What the exercise asks
In the copy you make, keep each entry exactly as it is and leave out all images.

(Items from a dataset)
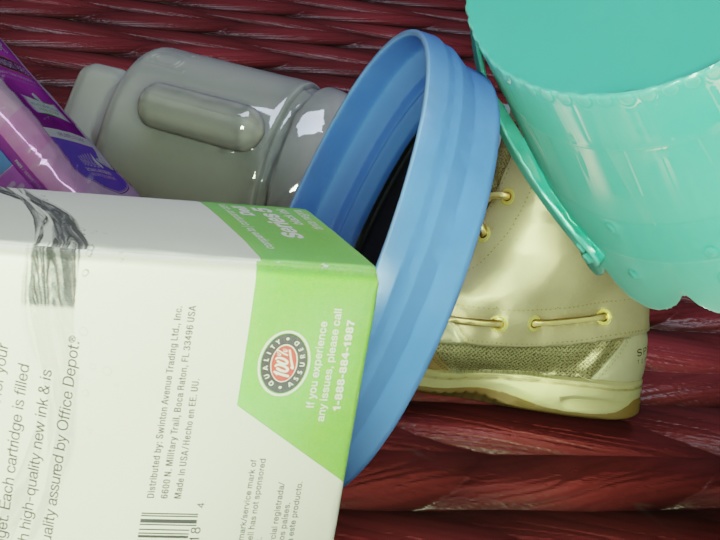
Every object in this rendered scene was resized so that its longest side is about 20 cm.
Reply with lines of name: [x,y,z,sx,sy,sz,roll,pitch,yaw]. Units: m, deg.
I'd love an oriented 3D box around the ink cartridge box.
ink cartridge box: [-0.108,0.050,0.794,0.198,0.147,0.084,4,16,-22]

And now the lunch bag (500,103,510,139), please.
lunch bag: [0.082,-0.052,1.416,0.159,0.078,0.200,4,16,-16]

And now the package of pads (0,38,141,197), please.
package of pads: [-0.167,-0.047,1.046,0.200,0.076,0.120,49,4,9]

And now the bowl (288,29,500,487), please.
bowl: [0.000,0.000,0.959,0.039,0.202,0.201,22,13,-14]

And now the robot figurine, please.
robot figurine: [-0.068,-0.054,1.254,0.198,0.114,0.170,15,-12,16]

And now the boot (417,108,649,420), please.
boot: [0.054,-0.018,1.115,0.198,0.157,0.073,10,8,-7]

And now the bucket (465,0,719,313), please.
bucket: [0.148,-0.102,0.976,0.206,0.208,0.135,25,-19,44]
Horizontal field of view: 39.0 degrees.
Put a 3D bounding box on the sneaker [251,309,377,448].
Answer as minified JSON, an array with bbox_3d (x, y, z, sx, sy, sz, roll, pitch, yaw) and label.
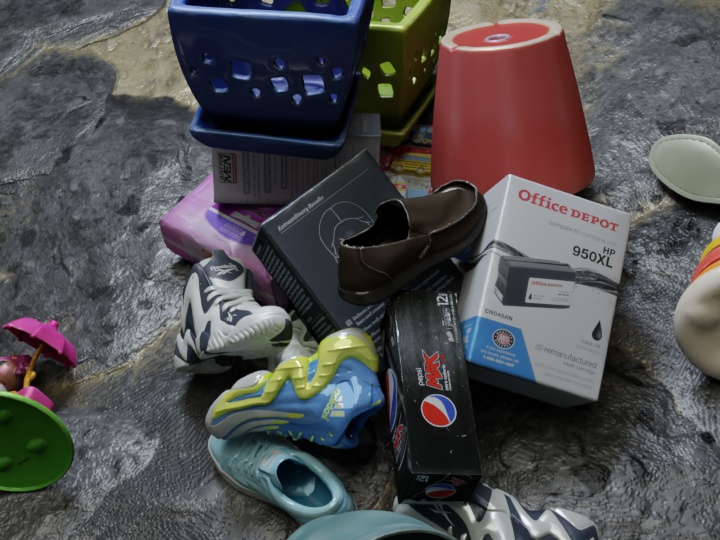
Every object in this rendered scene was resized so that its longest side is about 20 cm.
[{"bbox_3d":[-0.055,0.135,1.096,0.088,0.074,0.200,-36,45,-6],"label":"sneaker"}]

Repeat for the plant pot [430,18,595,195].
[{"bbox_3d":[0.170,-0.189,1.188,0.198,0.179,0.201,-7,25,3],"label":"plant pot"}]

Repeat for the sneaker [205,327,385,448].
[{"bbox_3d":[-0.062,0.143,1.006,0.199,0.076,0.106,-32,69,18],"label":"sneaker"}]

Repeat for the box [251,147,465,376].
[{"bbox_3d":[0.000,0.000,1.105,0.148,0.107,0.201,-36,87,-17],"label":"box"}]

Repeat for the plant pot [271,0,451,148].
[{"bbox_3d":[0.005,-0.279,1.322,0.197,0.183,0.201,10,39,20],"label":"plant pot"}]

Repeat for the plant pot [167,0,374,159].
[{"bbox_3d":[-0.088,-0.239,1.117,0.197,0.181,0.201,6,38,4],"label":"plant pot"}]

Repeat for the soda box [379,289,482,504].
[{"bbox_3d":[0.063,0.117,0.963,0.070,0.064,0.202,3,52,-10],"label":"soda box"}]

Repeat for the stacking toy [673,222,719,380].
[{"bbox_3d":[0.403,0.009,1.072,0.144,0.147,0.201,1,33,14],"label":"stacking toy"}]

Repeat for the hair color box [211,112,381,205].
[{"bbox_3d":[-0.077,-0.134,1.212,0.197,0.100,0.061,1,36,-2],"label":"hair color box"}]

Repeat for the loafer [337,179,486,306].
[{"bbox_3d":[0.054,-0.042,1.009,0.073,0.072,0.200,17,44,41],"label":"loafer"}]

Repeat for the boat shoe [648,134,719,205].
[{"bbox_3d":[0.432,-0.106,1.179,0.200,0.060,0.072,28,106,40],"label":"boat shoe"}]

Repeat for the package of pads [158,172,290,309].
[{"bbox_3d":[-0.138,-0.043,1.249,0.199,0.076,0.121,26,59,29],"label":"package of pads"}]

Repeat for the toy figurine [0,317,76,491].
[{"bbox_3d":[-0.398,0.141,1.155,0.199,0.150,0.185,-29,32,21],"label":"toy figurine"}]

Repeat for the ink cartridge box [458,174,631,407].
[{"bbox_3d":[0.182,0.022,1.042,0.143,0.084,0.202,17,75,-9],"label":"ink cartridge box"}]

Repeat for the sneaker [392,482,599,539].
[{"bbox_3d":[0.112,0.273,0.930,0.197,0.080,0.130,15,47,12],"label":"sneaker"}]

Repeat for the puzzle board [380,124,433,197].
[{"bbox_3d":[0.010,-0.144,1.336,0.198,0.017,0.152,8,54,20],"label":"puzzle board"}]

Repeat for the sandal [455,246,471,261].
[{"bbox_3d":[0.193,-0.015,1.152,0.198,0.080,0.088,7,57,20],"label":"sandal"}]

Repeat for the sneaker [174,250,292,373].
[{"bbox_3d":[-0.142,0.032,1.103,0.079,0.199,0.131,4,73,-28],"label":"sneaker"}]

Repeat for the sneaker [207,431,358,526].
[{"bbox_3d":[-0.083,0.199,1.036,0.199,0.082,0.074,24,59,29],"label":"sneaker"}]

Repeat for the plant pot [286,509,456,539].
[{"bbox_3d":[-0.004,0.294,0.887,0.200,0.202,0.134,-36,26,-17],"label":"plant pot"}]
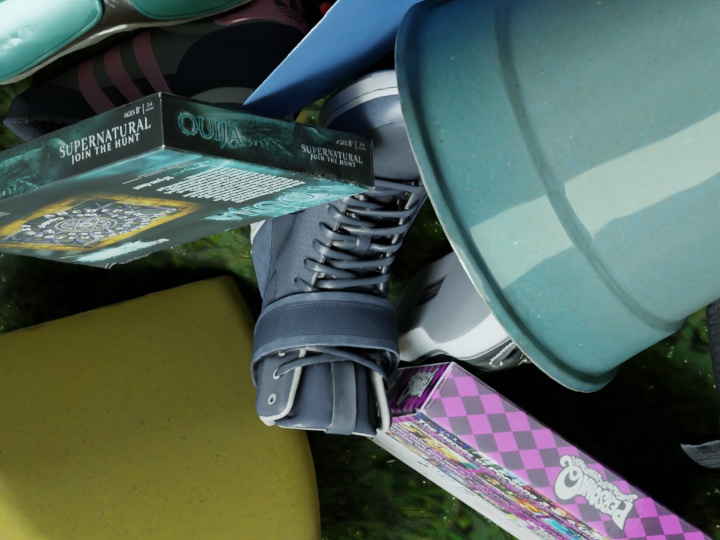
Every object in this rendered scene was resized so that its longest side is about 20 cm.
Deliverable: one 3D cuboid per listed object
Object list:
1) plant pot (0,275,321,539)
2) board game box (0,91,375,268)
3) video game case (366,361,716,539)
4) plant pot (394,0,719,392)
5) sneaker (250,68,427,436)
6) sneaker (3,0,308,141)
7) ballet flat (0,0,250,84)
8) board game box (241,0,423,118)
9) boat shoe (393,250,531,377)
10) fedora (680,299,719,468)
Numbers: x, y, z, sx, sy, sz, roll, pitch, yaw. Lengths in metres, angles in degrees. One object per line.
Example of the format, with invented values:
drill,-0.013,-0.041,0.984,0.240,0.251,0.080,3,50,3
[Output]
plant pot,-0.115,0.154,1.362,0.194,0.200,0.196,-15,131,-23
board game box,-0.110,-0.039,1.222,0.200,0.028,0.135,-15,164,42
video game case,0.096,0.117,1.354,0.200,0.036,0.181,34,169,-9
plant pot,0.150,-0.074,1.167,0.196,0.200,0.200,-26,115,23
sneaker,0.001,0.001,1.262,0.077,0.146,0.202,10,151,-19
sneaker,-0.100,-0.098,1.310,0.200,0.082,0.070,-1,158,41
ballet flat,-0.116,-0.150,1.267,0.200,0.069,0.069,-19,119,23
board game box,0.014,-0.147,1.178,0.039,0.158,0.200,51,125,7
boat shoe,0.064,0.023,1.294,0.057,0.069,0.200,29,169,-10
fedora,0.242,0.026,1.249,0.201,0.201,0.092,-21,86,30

Response area
Every object in this rendered scene was resized so that its longest side is about 20 cm.
Reply with lines of name: [x,y,z,sx,sy,sz,roll,pitch,yaw]. Units: m, deg.
I'd love an oriented 3D box around the ink cartridge box.
ink cartridge box: [-0.108,0.050,0.794,0.198,0.147,0.084,4,16,-22]

And now the lunch bag (500,103,510,139), please.
lunch bag: [0.082,-0.052,1.416,0.159,0.078,0.200,4,16,-16]

And now the package of pads (0,38,141,197), please.
package of pads: [-0.167,-0.047,1.046,0.200,0.076,0.120,49,4,9]

And now the bowl (288,29,500,487), please.
bowl: [0.000,0.000,0.959,0.039,0.202,0.201,22,13,-14]

And now the robot figurine, please.
robot figurine: [-0.068,-0.054,1.254,0.198,0.114,0.170,15,-12,16]

And now the boot (417,108,649,420), please.
boot: [0.054,-0.018,1.115,0.198,0.157,0.073,10,8,-7]

And now the bucket (465,0,719,313), please.
bucket: [0.148,-0.102,0.976,0.206,0.208,0.135,25,-19,44]
Horizontal field of view: 39.0 degrees.
Put a 3D bounding box on the sneaker [251,309,377,448].
Answer as minified JSON, an array with bbox_3d (x, y, z, sx, sy, sz, roll, pitch, yaw) and label.
Every object in this rendered scene was resized so that its longest side is about 20 cm.
[{"bbox_3d":[-0.055,0.135,1.096,0.088,0.074,0.200,-36,45,-6],"label":"sneaker"}]

Repeat for the plant pot [430,18,595,195].
[{"bbox_3d":[0.170,-0.189,1.188,0.198,0.179,0.201,-7,25,3],"label":"plant pot"}]

Repeat for the sneaker [205,327,385,448].
[{"bbox_3d":[-0.062,0.143,1.006,0.199,0.076,0.106,-32,69,18],"label":"sneaker"}]

Repeat for the box [251,147,465,376].
[{"bbox_3d":[0.000,0.000,1.105,0.148,0.107,0.201,-36,87,-17],"label":"box"}]

Repeat for the plant pot [271,0,451,148].
[{"bbox_3d":[0.005,-0.279,1.322,0.197,0.183,0.201,10,39,20],"label":"plant pot"}]

Repeat for the plant pot [167,0,374,159].
[{"bbox_3d":[-0.088,-0.239,1.117,0.197,0.181,0.201,6,38,4],"label":"plant pot"}]

Repeat for the soda box [379,289,482,504].
[{"bbox_3d":[0.063,0.117,0.963,0.070,0.064,0.202,3,52,-10],"label":"soda box"}]

Repeat for the stacking toy [673,222,719,380].
[{"bbox_3d":[0.403,0.009,1.072,0.144,0.147,0.201,1,33,14],"label":"stacking toy"}]

Repeat for the hair color box [211,112,381,205].
[{"bbox_3d":[-0.077,-0.134,1.212,0.197,0.100,0.061,1,36,-2],"label":"hair color box"}]

Repeat for the loafer [337,179,486,306].
[{"bbox_3d":[0.054,-0.042,1.009,0.073,0.072,0.200,17,44,41],"label":"loafer"}]

Repeat for the boat shoe [648,134,719,205].
[{"bbox_3d":[0.432,-0.106,1.179,0.200,0.060,0.072,28,106,40],"label":"boat shoe"}]

Repeat for the package of pads [158,172,290,309].
[{"bbox_3d":[-0.138,-0.043,1.249,0.199,0.076,0.121,26,59,29],"label":"package of pads"}]

Repeat for the toy figurine [0,317,76,491].
[{"bbox_3d":[-0.398,0.141,1.155,0.199,0.150,0.185,-29,32,21],"label":"toy figurine"}]

Repeat for the ink cartridge box [458,174,631,407].
[{"bbox_3d":[0.182,0.022,1.042,0.143,0.084,0.202,17,75,-9],"label":"ink cartridge box"}]

Repeat for the sneaker [392,482,599,539].
[{"bbox_3d":[0.112,0.273,0.930,0.197,0.080,0.130,15,47,12],"label":"sneaker"}]

Repeat for the puzzle board [380,124,433,197].
[{"bbox_3d":[0.010,-0.144,1.336,0.198,0.017,0.152,8,54,20],"label":"puzzle board"}]

Repeat for the sandal [455,246,471,261].
[{"bbox_3d":[0.193,-0.015,1.152,0.198,0.080,0.088,7,57,20],"label":"sandal"}]

Repeat for the sneaker [174,250,292,373].
[{"bbox_3d":[-0.142,0.032,1.103,0.079,0.199,0.131,4,73,-28],"label":"sneaker"}]

Repeat for the sneaker [207,431,358,526].
[{"bbox_3d":[-0.083,0.199,1.036,0.199,0.082,0.074,24,59,29],"label":"sneaker"}]

Repeat for the plant pot [286,509,456,539].
[{"bbox_3d":[-0.004,0.294,0.887,0.200,0.202,0.134,-36,26,-17],"label":"plant pot"}]
Every object in this rendered scene was resized so that its longest side is about 20 cm.
Deliverable: one 3D cuboid per listed object
Object list:
1) plant pot (0,275,321,539)
2) board game box (0,91,375,268)
3) video game case (366,361,716,539)
4) plant pot (394,0,719,392)
5) sneaker (250,68,427,436)
6) sneaker (3,0,308,141)
7) ballet flat (0,0,250,84)
8) board game box (241,0,423,118)
9) boat shoe (393,250,531,377)
10) fedora (680,299,719,468)
Numbers: x, y, z, sx, sy, sz, roll, pitch, yaw. Lengths in metres, angles in degrees. One object per line.
Example of the format, with invented values:
drill,-0.013,-0.041,0.984,0.240,0.251,0.080,3,50,3
[Output]
plant pot,-0.115,0.154,1.362,0.194,0.200,0.196,-15,131,-23
board game box,-0.110,-0.039,1.222,0.200,0.028,0.135,-15,164,42
video game case,0.096,0.117,1.354,0.200,0.036,0.181,34,169,-9
plant pot,0.150,-0.074,1.167,0.196,0.200,0.200,-26,115,23
sneaker,0.001,0.001,1.262,0.077,0.146,0.202,10,151,-19
sneaker,-0.100,-0.098,1.310,0.200,0.082,0.070,-1,158,41
ballet flat,-0.116,-0.150,1.267,0.200,0.069,0.069,-19,119,23
board game box,0.014,-0.147,1.178,0.039,0.158,0.200,51,125,7
boat shoe,0.064,0.023,1.294,0.057,0.069,0.200,29,169,-10
fedora,0.242,0.026,1.249,0.201,0.201,0.092,-21,86,30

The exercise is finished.